Toujours était-il que les sauvageons ne redoutaient pas particulièrement la neige. Assurément, c'était là un élément que l'on retrouvait partout dans le nord véritable. Et hormis quelques régions qui permettaient des cultures une partie de l'année, à l’instar de Durlieu et des terres avoisinantes, tout le reste disparaissait sous la poudreuse blanche.

Dans certains endroits fort reculés, où nul homme n'y aurait jamais mis les pieds, pas même les redoutables Thenns, les rumeurs affirmaient que l'Hiver y durait continuellement.

Et Tormund et les siens donnaient volontiers du crédit aux mythes qui circulaient sur ces terres lointaines.

Une seule certitude persistait : le Roi de la Nuit y aurait son siège.

Et d'autres entités, plus anciennes encore, y séjourneraient elles aussi, des choses sans nom et que nul être vivant n'avait jamais contemplées.

Dans tous les cas, la neige n'était pas le seul motif quant à la lenteur qui s'appesantissait sur le groupe.
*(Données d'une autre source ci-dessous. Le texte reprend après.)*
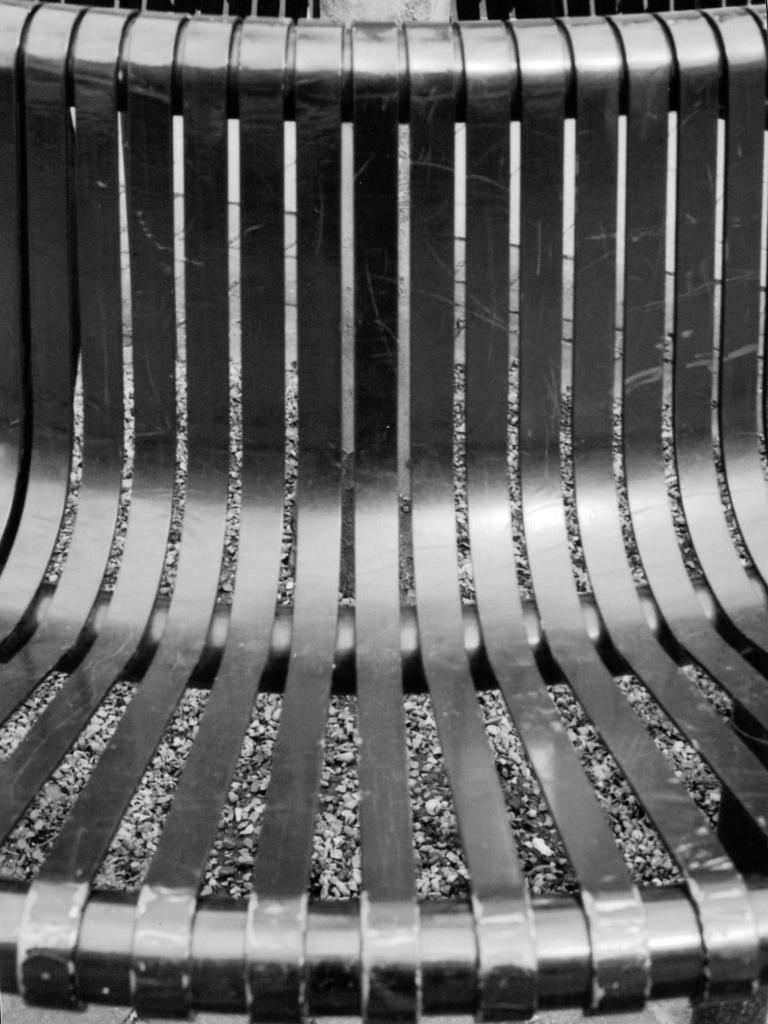Can you describe this image briefly? In this image, we can see a metal chair. We can see some stones and some objects at the top.

Effectivement, depuis leur dernière halte, ils avaient rencontré par deux fois des groupes de spectres aux yeux luisants d’un éclat bleuté ô combien caractéristique.
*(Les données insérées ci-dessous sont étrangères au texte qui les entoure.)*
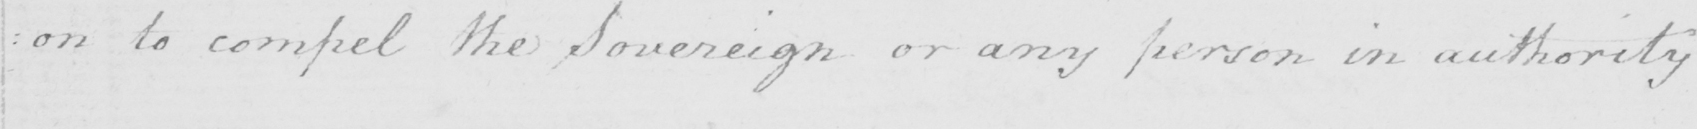What does this handwritten line say? : on to compel the Sovereign or any person in authority

Les sauvageons n'avaient pourtant pas pu affirmer ou infirmer si ces assauts signifiaient que l'armée tout entière de leur adversaire était bel et bien sur leurs talons, ou s'il ne s'agissait là que de simples escarmouches liées à des troupes disséminées ici et là, en quête de ceux qui auraient survécu à la chute de Fort-Levant.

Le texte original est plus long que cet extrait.